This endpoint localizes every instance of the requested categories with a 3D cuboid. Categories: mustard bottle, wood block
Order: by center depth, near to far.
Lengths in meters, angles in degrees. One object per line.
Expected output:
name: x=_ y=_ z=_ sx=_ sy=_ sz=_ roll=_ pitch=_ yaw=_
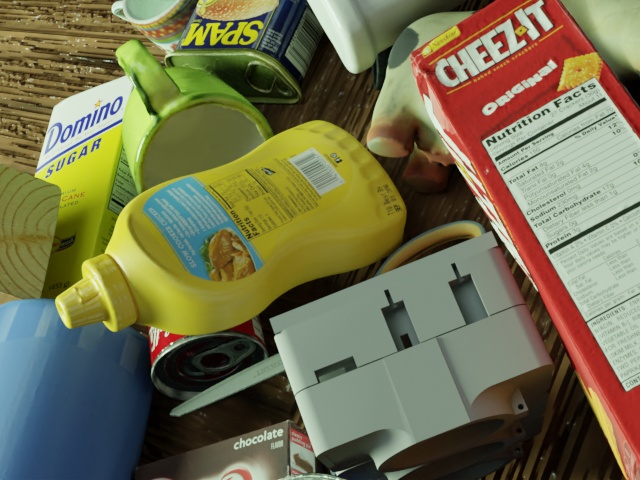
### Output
mustard bottle: x=-0.054 y=0.001 z=0.588 sx=0.191 sy=0.058 sz=0.096 roll=-25 pitch=56 yaw=-24
wood block: x=-0.266 y=0.031 z=0.725 sx=0.207 sy=0.090 sz=0.090 roll=-35 pitch=42 yaw=43

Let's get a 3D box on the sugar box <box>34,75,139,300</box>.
sugar box: x=-0.167 y=-0.029 z=0.763 sx=0.094 sy=0.048 sz=0.176 roll=-14 pitch=59 yaw=34

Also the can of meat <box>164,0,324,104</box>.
can of meat: x=-0.046 y=-0.145 z=0.736 sx=0.102 sy=0.057 sz=0.084 roll=7 pitch=66 yaw=38

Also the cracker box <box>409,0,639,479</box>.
cracker box: x=0.124 y=0.023 z=0.433 sx=0.072 sy=0.164 sz=0.214 roll=-29 pitch=50 yaw=8

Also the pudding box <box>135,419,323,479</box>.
pudding box: x=-0.051 y=0.156 z=0.573 sx=0.114 sy=0.039 sz=0.090 roll=-21 pitch=53 yaw=26

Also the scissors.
scissors: x=0.015 y=0.063 z=0.569 sx=0.202 sy=0.016 sz=0.096 roll=-37 pitch=43 yaw=-1

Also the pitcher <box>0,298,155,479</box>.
pitcher: x=-0.177 y=0.164 z=0.613 sx=0.149 sy=0.145 sz=0.242 roll=-1 pitch=60 yaw=23

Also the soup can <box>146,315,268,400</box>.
soup can: x=-0.073 y=0.035 z=0.642 sx=0.069 sy=0.068 sz=0.102 roll=-30 pitch=49 yaw=19
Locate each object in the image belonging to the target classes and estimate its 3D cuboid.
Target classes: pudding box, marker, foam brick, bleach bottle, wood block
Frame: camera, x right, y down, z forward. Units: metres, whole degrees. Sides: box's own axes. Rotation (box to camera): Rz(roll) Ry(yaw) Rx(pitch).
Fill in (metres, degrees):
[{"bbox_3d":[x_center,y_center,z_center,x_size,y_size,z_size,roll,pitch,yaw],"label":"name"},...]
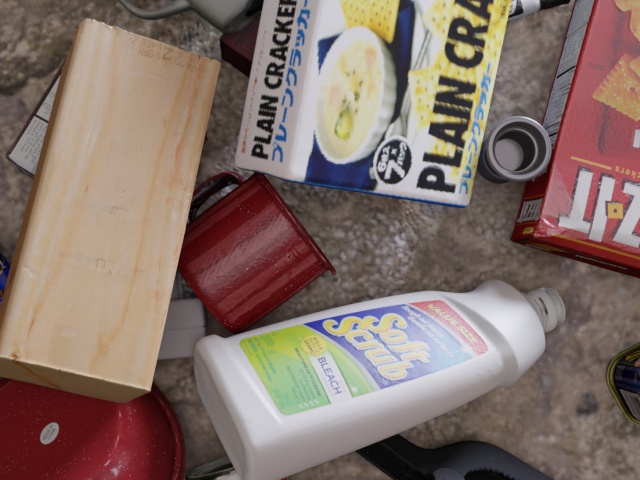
::::::::
**How to complete this task**
Search the records for the word "metres" and copy every line where it occurs.

**Answer for this exercise**
Frame: camera, x right, y down, z forward. Units: metres, whole degrees. Sides: box's own axes. Rotation (box to camera): Rz(roll) Ry(yaw) Rx(pitch).
Fill in (metres, degrees):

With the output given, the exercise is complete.